#### Given records
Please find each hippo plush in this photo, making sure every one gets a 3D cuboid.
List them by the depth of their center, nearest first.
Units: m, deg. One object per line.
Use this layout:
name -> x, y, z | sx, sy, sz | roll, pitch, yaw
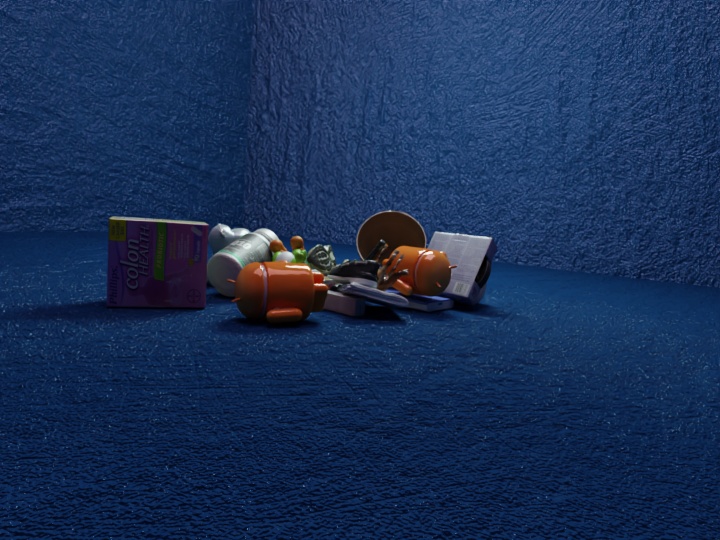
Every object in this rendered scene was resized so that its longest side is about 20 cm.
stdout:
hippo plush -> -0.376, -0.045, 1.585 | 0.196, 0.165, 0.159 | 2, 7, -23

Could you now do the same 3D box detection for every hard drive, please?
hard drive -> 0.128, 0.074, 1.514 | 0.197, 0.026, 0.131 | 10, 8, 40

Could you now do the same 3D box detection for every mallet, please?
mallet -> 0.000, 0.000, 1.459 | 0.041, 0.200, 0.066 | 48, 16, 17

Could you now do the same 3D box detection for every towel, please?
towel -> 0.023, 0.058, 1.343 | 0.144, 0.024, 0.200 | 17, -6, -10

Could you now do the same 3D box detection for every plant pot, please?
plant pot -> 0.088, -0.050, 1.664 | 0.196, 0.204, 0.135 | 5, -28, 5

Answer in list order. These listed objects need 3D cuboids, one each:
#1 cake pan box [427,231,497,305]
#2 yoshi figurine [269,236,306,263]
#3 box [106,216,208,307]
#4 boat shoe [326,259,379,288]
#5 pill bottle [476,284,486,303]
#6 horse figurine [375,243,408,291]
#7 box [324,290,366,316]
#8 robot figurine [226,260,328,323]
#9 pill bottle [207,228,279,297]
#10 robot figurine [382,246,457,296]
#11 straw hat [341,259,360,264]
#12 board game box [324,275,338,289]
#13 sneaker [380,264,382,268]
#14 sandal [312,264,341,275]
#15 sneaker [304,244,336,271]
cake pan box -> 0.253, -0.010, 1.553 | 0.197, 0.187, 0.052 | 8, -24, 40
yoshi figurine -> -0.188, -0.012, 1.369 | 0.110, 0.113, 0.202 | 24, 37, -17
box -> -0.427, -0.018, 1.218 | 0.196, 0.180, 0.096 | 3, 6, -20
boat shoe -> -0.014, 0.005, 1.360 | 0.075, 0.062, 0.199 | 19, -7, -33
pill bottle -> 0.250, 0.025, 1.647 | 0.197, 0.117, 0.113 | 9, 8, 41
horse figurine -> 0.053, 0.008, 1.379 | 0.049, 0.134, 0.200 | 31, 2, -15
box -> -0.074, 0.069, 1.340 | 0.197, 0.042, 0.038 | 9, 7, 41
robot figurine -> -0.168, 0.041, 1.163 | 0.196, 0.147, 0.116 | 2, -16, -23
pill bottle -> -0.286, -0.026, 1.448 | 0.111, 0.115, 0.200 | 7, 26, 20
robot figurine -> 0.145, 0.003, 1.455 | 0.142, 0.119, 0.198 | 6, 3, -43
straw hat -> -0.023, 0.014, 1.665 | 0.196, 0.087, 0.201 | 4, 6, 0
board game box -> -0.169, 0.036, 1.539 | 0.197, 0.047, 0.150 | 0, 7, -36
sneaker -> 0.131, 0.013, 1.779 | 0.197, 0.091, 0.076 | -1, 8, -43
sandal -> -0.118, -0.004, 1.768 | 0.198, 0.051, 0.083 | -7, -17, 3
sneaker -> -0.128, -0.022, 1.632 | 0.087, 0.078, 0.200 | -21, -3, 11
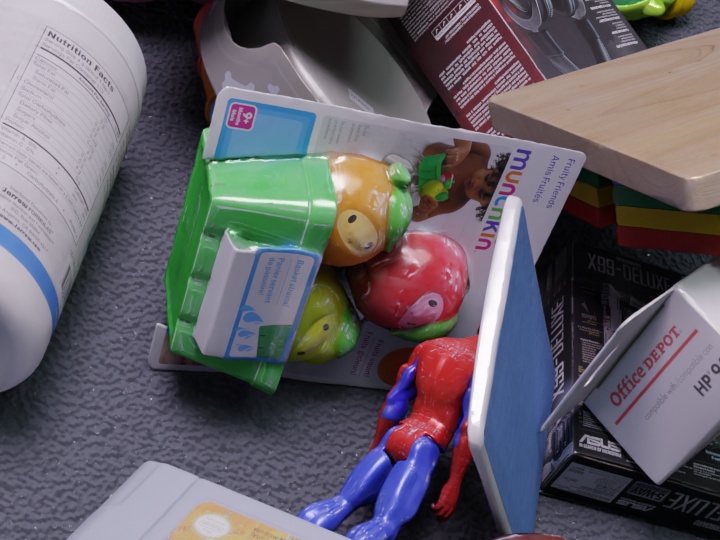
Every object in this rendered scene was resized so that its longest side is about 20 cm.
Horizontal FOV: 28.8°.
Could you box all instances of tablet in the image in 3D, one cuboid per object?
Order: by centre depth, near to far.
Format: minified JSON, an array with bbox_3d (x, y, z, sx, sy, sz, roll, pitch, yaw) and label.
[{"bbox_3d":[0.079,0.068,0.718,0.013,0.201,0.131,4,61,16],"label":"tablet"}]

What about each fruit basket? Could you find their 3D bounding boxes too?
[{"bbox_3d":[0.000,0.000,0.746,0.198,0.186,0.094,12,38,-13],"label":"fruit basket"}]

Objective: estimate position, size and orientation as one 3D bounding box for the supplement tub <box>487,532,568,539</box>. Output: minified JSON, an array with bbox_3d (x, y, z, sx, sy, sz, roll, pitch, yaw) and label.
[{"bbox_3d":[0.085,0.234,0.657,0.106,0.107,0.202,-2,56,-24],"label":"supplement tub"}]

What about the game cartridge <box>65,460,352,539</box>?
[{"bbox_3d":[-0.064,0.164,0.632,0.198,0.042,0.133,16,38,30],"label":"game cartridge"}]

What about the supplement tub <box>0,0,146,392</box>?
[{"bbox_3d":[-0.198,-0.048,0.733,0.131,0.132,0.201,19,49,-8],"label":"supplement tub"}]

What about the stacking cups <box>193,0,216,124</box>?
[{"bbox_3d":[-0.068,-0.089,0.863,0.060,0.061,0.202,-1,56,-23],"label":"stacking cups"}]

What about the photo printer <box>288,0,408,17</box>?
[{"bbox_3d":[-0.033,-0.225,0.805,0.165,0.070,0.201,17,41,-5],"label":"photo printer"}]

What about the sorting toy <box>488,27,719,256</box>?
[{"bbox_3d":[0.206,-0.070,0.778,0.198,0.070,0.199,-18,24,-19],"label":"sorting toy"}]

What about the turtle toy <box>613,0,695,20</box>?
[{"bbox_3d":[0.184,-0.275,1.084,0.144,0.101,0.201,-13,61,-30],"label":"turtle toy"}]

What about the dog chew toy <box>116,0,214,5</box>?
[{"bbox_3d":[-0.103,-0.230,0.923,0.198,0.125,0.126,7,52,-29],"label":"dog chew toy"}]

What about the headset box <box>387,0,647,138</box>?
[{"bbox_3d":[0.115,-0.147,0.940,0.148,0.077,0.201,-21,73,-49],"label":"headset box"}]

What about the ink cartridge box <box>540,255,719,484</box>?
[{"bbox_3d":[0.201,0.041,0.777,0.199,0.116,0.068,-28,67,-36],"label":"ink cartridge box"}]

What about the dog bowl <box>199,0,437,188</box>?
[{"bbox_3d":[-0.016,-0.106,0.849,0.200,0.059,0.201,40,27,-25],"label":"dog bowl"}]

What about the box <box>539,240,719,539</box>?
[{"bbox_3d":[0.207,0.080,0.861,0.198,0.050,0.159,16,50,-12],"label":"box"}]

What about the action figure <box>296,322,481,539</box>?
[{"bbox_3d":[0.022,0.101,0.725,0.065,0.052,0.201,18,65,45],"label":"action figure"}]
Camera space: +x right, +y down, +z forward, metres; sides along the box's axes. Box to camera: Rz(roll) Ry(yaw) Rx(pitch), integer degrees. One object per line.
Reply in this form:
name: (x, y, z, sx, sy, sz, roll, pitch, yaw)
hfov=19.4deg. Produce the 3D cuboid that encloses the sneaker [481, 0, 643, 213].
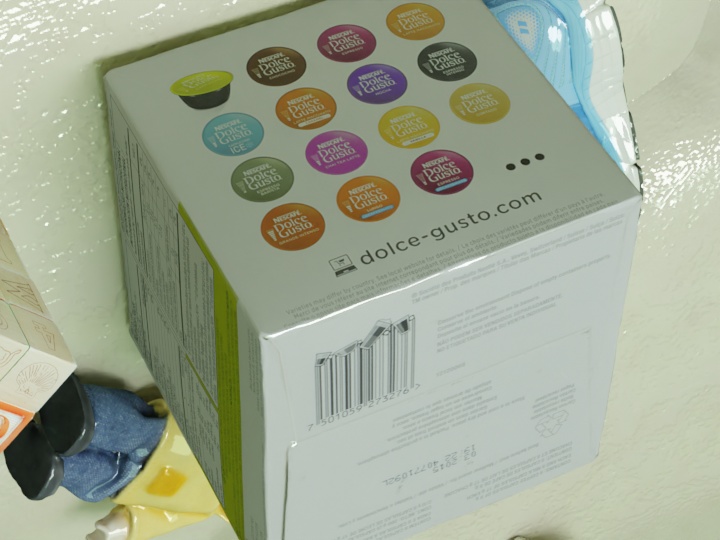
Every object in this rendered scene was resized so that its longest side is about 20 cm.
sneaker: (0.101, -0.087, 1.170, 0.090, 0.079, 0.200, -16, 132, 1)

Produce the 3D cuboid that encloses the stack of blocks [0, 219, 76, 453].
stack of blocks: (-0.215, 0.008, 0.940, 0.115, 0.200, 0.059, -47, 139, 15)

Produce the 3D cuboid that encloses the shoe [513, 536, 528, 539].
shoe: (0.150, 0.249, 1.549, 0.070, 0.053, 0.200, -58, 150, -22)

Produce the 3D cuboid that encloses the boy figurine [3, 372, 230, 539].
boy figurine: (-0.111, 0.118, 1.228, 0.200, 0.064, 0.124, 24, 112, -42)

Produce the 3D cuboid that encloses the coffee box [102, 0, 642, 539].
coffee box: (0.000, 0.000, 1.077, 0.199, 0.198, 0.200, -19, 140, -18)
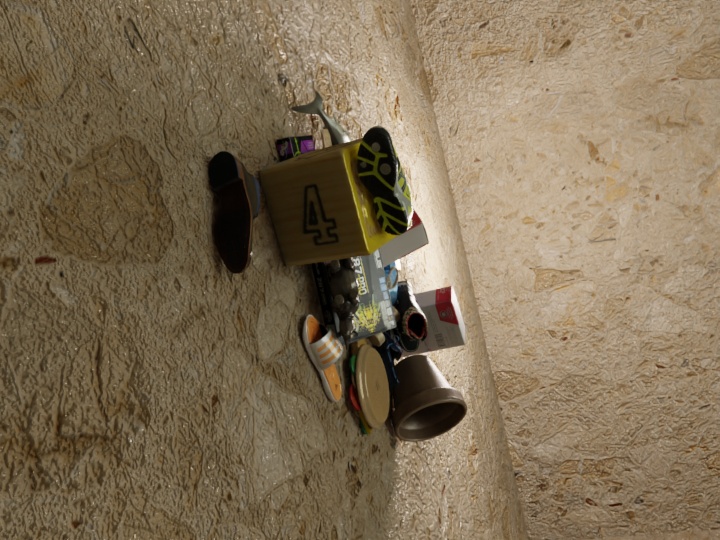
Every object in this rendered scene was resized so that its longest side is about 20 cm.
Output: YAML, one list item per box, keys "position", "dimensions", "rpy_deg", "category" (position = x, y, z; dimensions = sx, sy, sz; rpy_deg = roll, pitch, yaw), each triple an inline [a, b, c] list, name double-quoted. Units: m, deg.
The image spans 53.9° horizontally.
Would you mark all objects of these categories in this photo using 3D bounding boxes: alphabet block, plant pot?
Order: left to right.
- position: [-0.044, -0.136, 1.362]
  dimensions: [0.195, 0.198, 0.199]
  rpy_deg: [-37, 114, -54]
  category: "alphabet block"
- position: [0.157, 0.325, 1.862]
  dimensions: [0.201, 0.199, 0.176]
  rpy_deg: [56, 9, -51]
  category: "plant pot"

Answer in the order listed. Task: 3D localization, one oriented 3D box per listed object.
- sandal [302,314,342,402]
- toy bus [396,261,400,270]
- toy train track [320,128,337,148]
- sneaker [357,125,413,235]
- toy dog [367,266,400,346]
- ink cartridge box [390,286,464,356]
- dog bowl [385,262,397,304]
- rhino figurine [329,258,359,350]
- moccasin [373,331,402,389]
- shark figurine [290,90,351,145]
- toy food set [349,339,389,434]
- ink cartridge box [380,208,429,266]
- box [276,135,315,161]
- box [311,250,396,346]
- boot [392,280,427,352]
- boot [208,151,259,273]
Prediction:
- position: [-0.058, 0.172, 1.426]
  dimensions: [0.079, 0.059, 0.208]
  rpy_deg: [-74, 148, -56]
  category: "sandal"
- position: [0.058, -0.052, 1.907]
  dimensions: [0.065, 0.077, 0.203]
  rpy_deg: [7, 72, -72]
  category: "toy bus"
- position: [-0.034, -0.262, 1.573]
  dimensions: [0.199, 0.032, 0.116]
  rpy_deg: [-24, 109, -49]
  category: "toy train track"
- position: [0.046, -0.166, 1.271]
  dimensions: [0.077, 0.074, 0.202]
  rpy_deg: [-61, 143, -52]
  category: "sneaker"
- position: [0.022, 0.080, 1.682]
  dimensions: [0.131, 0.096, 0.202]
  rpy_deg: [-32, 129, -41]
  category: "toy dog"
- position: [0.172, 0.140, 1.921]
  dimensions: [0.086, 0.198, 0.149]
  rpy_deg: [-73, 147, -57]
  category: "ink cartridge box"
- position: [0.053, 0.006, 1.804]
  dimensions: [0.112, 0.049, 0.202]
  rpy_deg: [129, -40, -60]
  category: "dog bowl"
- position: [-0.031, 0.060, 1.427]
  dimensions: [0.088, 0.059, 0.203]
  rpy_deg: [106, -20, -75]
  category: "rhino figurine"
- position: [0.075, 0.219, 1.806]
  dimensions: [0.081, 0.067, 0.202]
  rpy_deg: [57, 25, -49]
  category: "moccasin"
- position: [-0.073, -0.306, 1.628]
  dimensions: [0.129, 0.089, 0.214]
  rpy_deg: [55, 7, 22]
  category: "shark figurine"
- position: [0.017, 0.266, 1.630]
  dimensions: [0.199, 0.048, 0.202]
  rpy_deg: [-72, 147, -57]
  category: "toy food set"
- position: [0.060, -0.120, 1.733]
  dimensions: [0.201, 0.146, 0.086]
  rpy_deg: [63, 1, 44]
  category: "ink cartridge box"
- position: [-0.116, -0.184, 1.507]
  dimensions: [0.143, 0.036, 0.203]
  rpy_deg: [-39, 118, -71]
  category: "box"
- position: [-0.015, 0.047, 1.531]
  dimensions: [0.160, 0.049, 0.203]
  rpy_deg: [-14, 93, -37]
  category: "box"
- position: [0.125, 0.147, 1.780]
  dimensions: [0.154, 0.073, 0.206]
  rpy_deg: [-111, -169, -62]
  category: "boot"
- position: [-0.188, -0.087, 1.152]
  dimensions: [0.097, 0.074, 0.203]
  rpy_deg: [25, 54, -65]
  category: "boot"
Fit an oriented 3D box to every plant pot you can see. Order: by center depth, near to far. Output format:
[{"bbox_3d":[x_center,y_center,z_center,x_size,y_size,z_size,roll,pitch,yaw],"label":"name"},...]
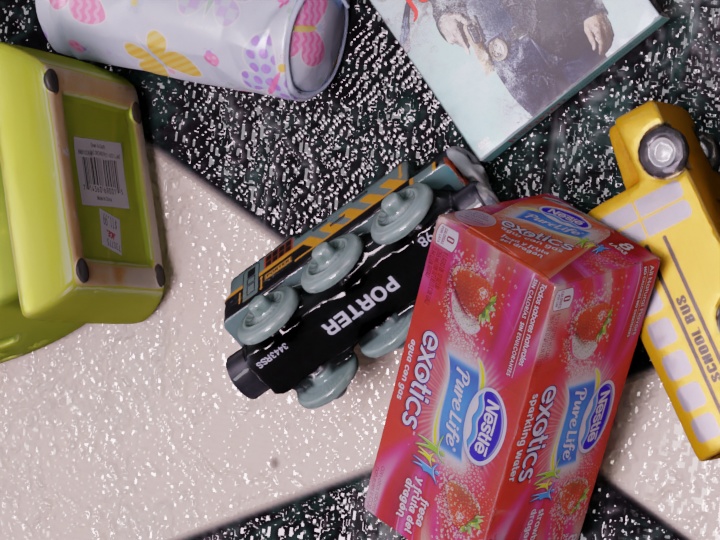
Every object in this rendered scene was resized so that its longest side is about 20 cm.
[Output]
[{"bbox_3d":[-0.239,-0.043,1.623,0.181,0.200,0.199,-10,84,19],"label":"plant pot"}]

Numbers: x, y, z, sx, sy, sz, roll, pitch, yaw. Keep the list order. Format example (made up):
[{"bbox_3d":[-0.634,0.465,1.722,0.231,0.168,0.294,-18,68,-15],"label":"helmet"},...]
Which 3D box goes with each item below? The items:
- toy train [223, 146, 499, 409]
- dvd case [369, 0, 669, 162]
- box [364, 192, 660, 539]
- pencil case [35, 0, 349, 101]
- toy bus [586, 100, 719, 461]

#### What the task asks
Copy only what lies between the start of the listing above and the line containing "#14 sandal [312,264,341,275]", inclusive of both ends, exactly as written, and drop the pictures.

#### Solution below
Please find each hippo plush in this photo, making sure every one gets a 3D cuboid.
List them by the depth of their center, nearest first.
Units: m, deg. One object per line.
Use this layout:
name -> x, y, z | sx, sy, sz | roll, pitch, yaw
Every object in this rendered scene was resized so that its longest side is about 20 cm.
stdout:
hippo plush -> -0.376, -0.045, 1.585 | 0.196, 0.165, 0.159 | 2, 7, -23

Could you now do the same 3D box detection for every hard drive, please?
hard drive -> 0.128, 0.074, 1.514 | 0.197, 0.026, 0.131 | 10, 8, 40

Could you now do the same 3D box detection for every mallet, please?
mallet -> 0.000, 0.000, 1.459 | 0.041, 0.200, 0.066 | 48, 16, 17

Could you now do the same 3D box detection for every towel, please?
towel -> 0.023, 0.058, 1.343 | 0.144, 0.024, 0.200 | 17, -6, -10

Could you now do the same 3D box detection for every plant pot, please?
plant pot -> 0.088, -0.050, 1.664 | 0.196, 0.204, 0.135 | 5, -28, 5

Answer in list order. These listed objects need 3D cuboids, one each:
#1 cake pan box [427,231,497,305]
#2 yoshi figurine [269,236,306,263]
#3 box [106,216,208,307]
#4 boat shoe [326,259,379,288]
#5 pill bottle [476,284,486,303]
#6 horse figurine [375,243,408,291]
#7 box [324,290,366,316]
#8 robot figurine [226,260,328,323]
#9 pill bottle [207,228,279,297]
#10 robot figurine [382,246,457,296]
#11 straw hat [341,259,360,264]
#12 board game box [324,275,338,289]
#13 sneaker [380,264,382,268]
#14 sandal [312,264,341,275]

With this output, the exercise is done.